Ibuprofen enhances the effect of direct (heparin) and indirect (coumarin and indandione derivatives) anticoagulants, thrombolytic agents (alteplase, anistreplase, streptokinase, urokinase), antiplatelet agents, colchicine – the risk of hemorrhagic complications increases.

It enhances the hypoglycemic effect of insulin and oral hypoglycemic drugs.

It weakens the effects of antihypertensive drugs and diuretics (by inhibiting the synthesis of renal prostaglandins).

It increases the blood concentration of digoxin, lithium preparations, and methotrexate.

Caffeine enhances the analgesic effect of ibuprofen.
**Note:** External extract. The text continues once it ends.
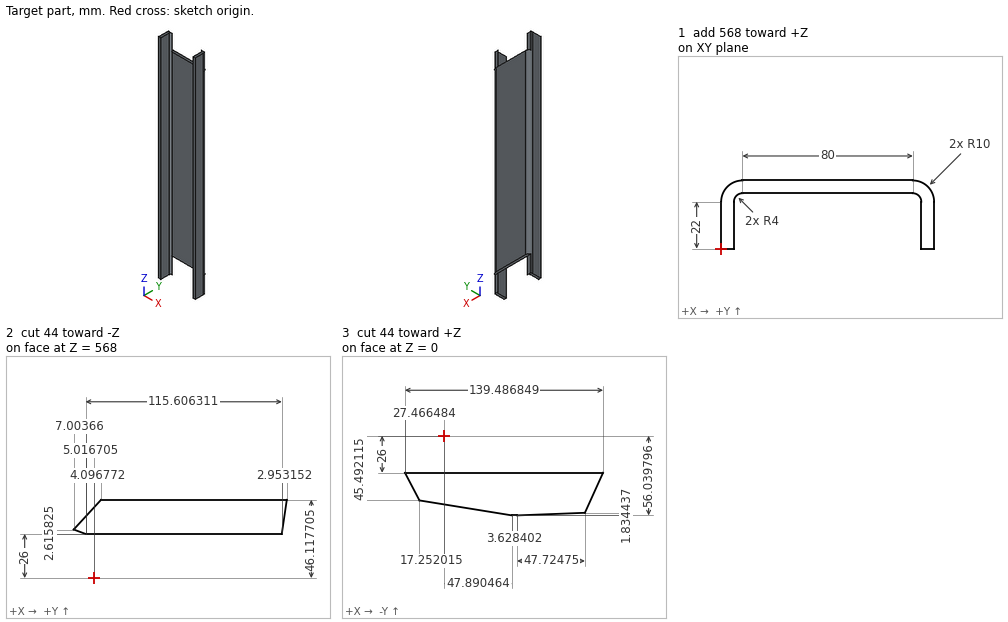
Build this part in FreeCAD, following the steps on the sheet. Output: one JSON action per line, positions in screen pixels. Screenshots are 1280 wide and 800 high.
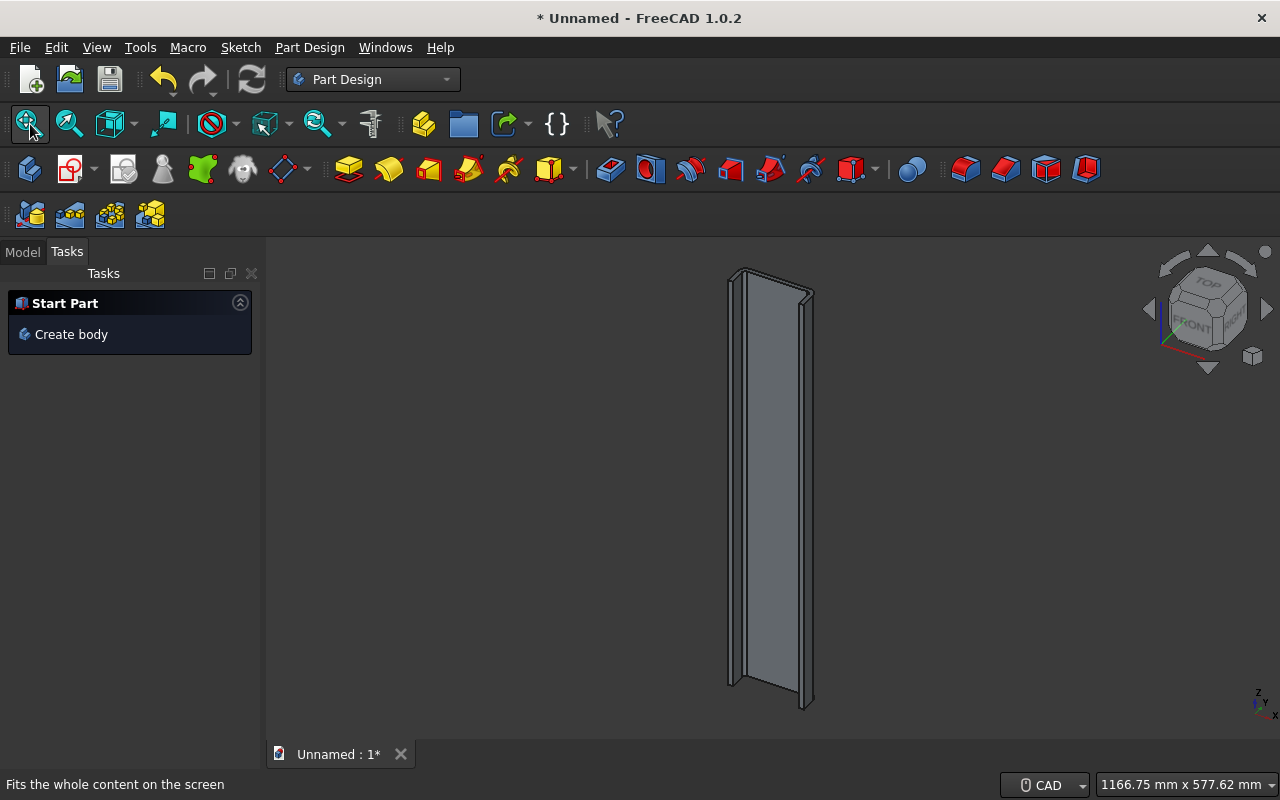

Cyclosporine and gold preparations increase nephrotoxicity.

Cefamandole, cefoperazone, cefotetan, valproic acid, plicamycin increase the incidence of hypoprothrombinemia.

Antacids and cholestyramine reduce the absorption of the drug.

Myelotoxic drugs contribute to the manifestation of the hematotoxicity of the drug.

Storage Conditions

The drug should be stored out of the reach of children at a temperature not exceeding 25°C (77°F).

Shelf Life

The shelf life is 5 years. Do not use after the expiration date printed on the package.

Dispensing Status

The drug is available without a prescription.

Important Safety Information

This information is for educational purposes only and does not replace professional medical advice. Always consult your doctor before use. Dosage and side effects may vary. Use only as prescribed.